The response should be the records below, repeated exactly, with each picture left out.

[Recorded data]
■ ■ ■ ■ ■ ■ ■
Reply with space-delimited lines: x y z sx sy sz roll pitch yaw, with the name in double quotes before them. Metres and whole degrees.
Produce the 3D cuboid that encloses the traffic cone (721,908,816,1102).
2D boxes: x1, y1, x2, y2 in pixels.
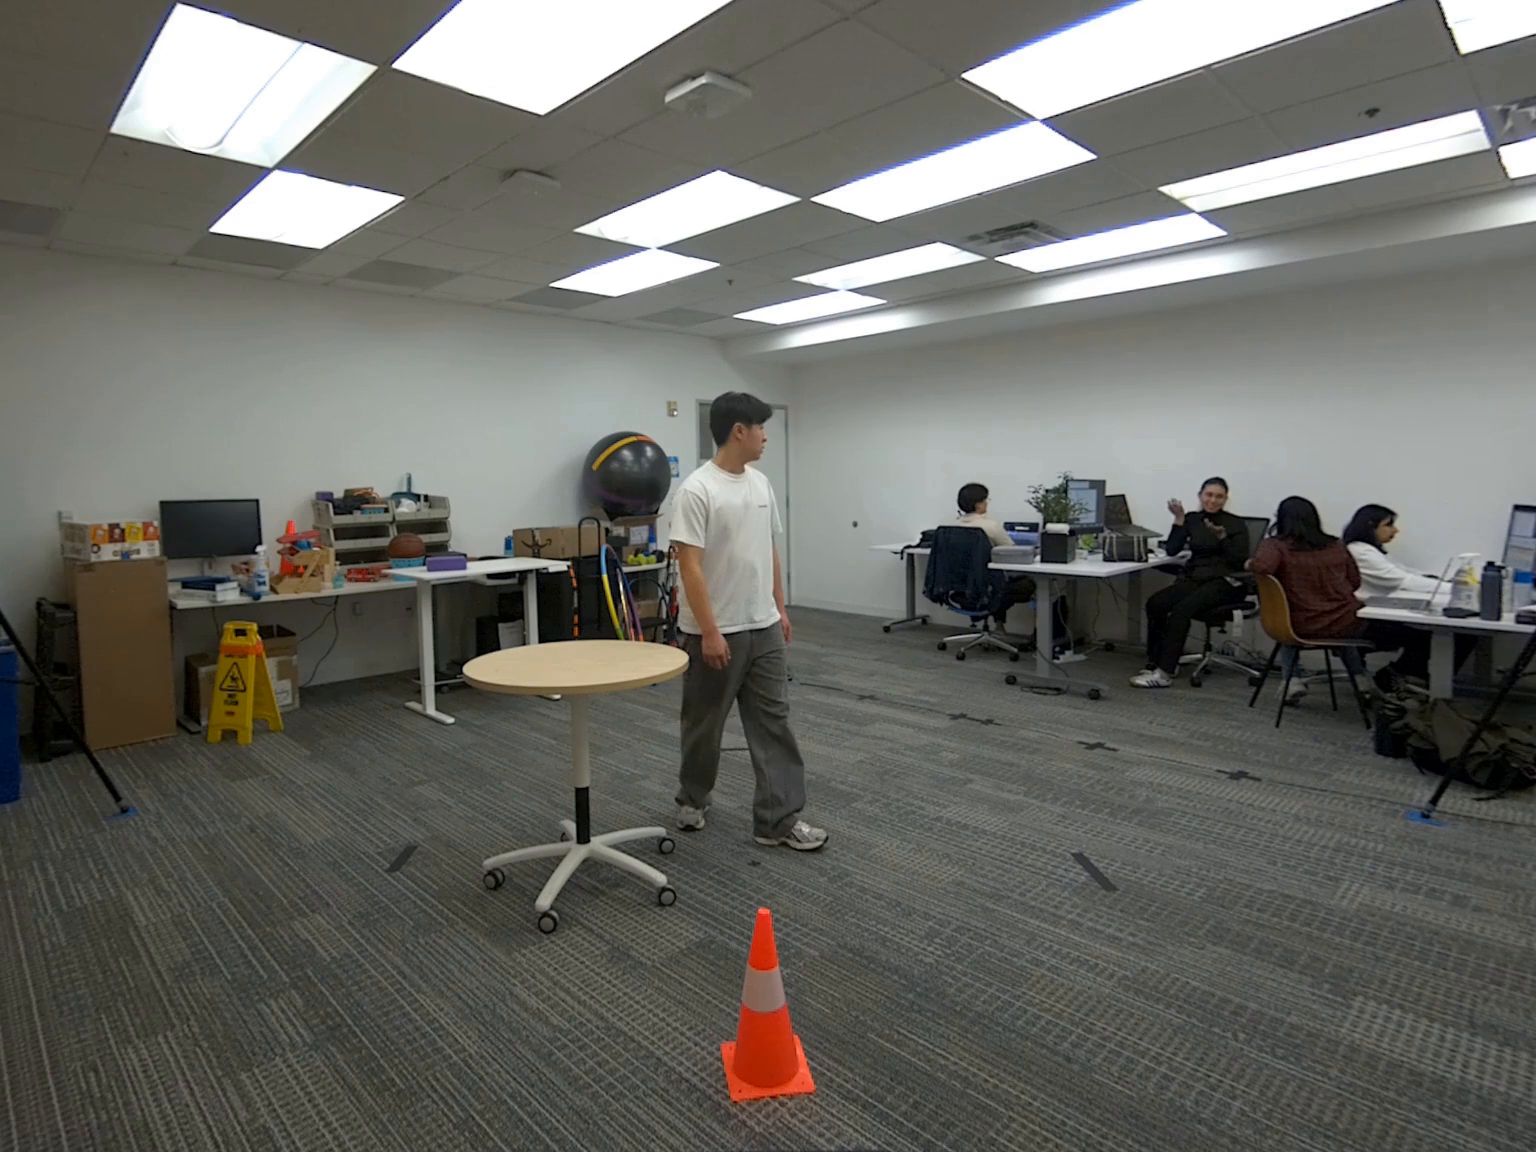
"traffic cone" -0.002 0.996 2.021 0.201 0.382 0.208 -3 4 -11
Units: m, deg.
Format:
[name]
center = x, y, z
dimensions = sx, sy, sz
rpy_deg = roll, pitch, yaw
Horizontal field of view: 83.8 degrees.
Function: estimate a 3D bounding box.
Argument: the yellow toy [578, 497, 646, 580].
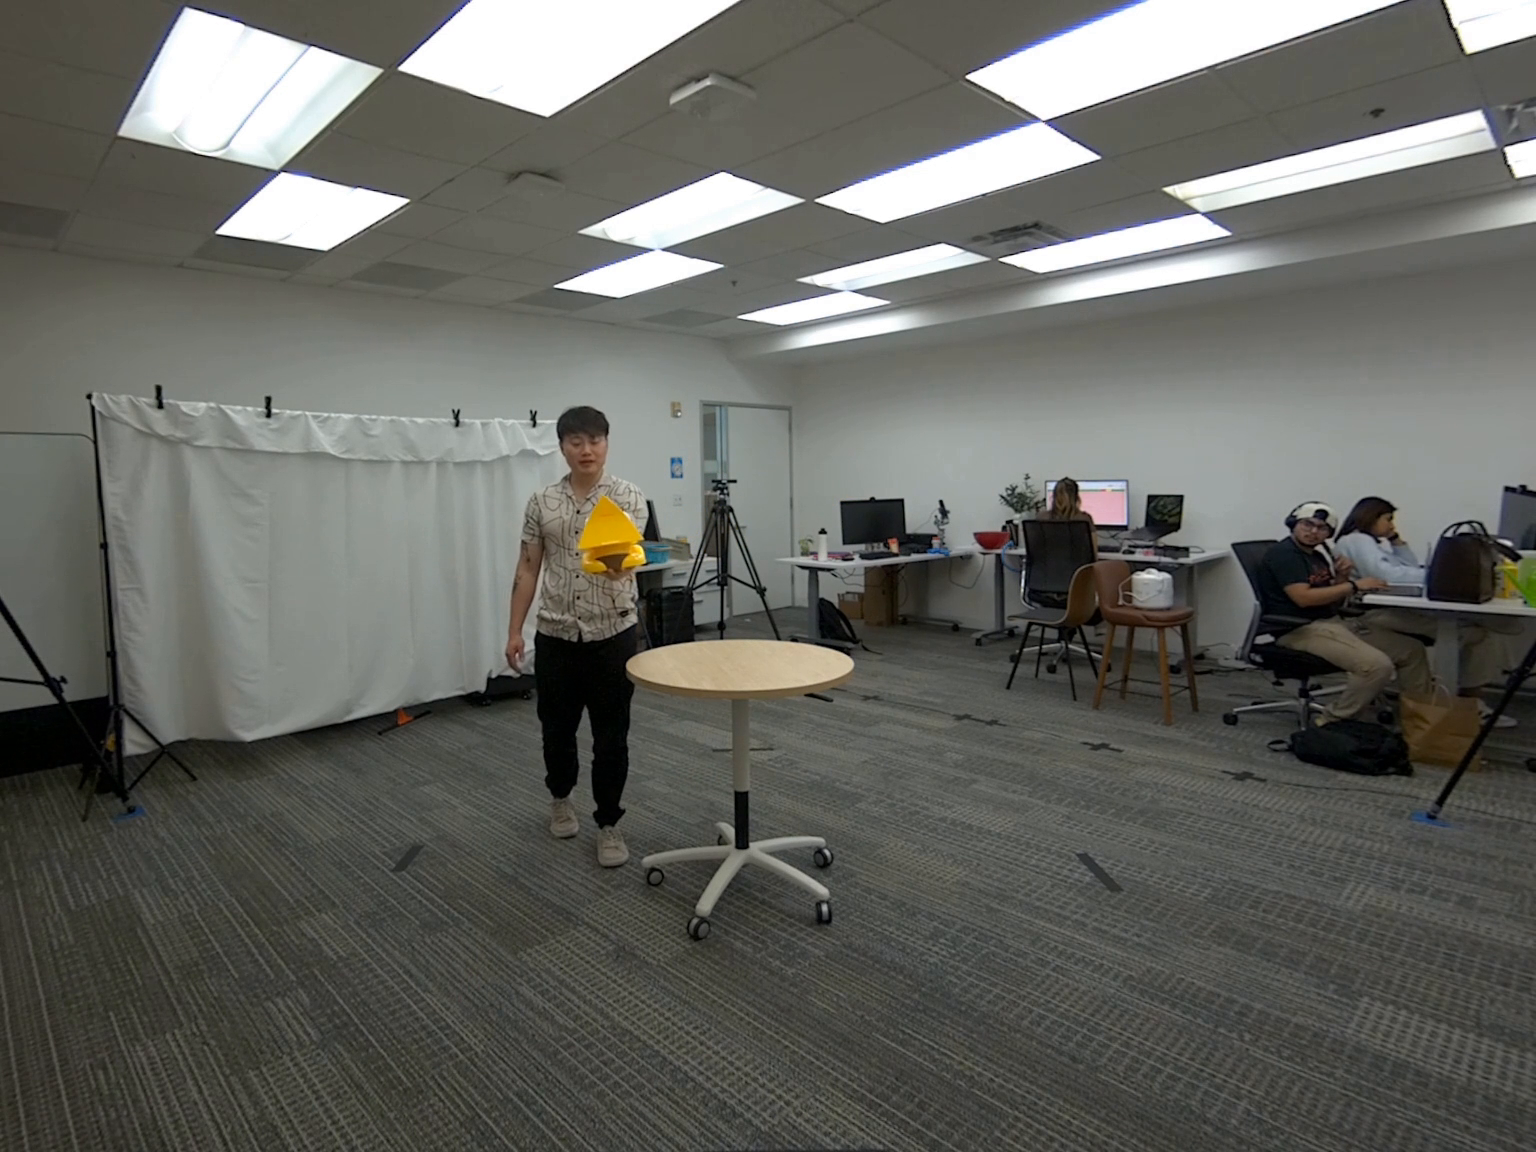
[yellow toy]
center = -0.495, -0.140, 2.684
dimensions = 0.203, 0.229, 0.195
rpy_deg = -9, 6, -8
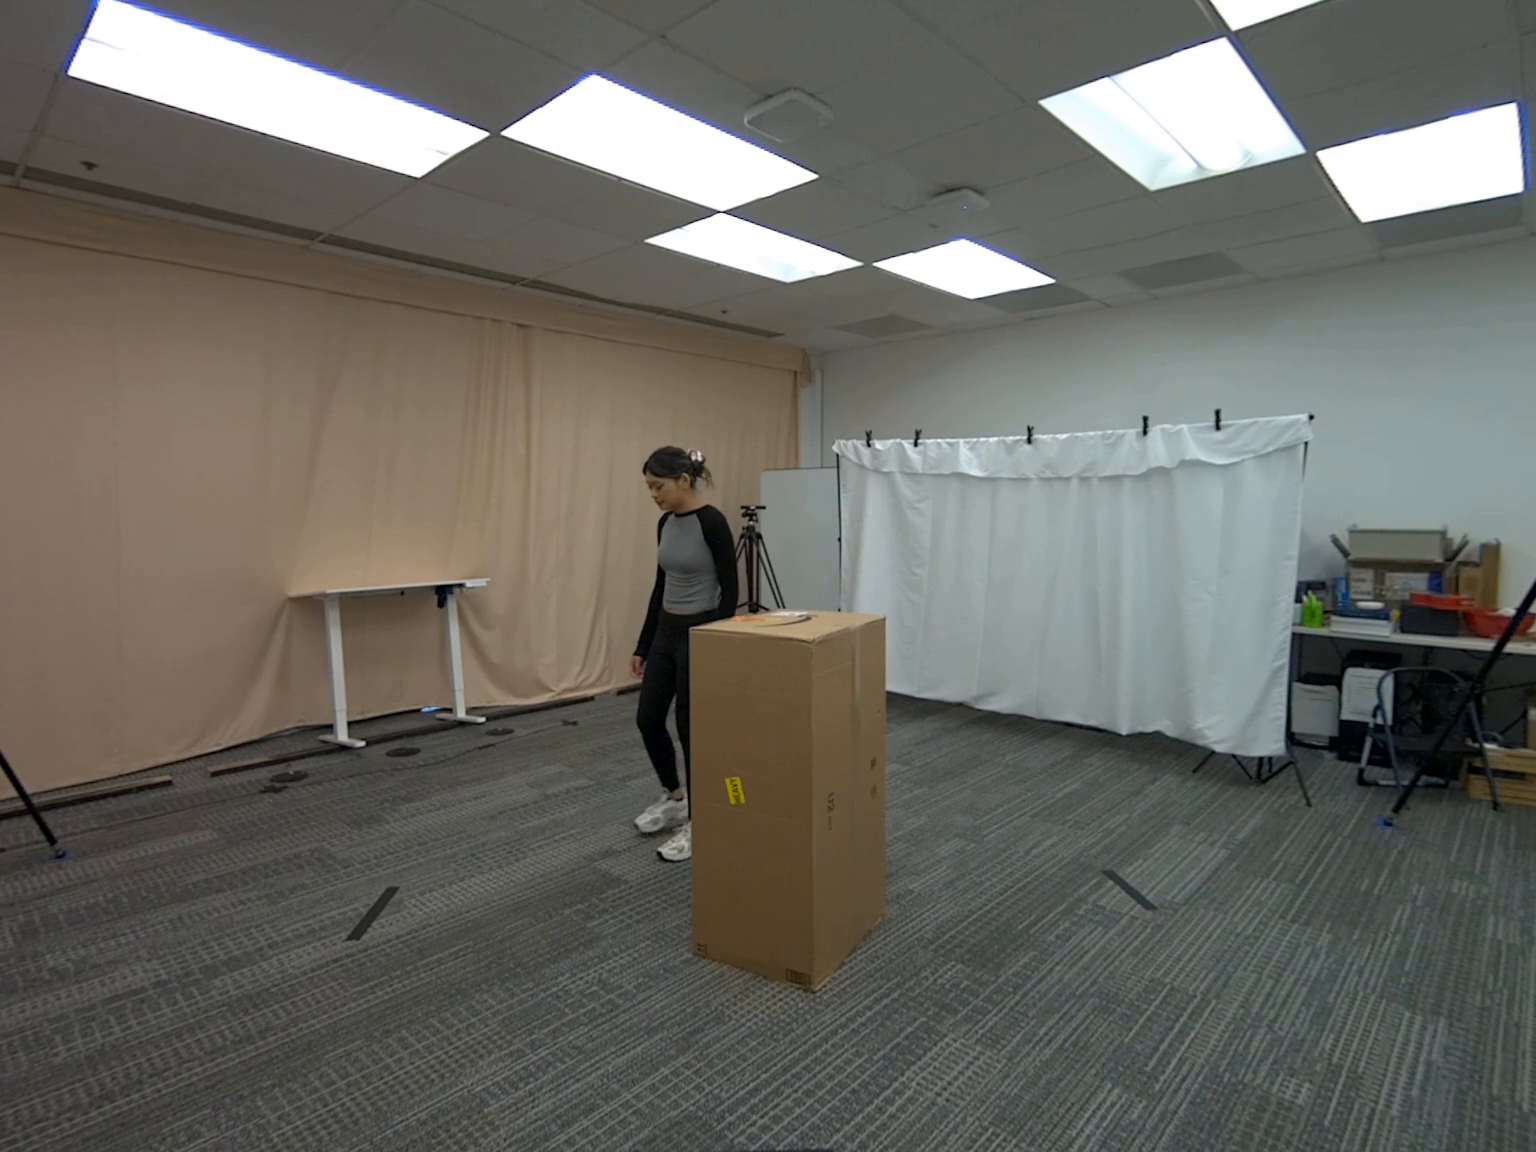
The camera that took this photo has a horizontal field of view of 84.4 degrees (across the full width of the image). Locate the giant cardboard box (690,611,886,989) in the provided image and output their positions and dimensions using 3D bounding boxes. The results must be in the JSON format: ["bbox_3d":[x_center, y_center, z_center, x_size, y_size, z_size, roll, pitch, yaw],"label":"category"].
■ ■ ■ ■ ■ ■ ■
[Solution]:
Reply with space-delimited lines: x y z sx sy sz roll pitch yaw, with the name in double quotes before them. Metres and whole degrees.
Produce the 3D cuboid that encloses the traffic cone (721,908,816,1102).
2D boxes: x1, y1, x2, y2 in pixels.
"traffic cone" -0.002 0.996 2.021 0.201 0.382 0.208 -3 4 -11
Units: m, deg.
Format:
[name]
center = x, y, z
dimensions = sx, sy, sz
rpy_deg = roll, pitch, yaw
Horizontal field of view: 83.8 degrees.
Function: estimate a 3D bounding box.
Argument: the yellow toy [578, 497, 646, 580].
[yellow toy]
center = -0.495, -0.140, 2.684
dimensions = 0.203, 0.229, 0.195
rpy_deg = -9, 6, -8
The camera that took this photo has a horizontal field of view of 84.4 degrees (across the full width of the image). Locate the giant cardboard box (690,611,886,989) in the provided image and output their positions and dimensions using 3D bounding boxes. The results must be in the JSON format: ["bbox_3d":[x_center, y_center, z_center, x_size, y_size, z_size, roll, pitch, yaw],"label":"category"].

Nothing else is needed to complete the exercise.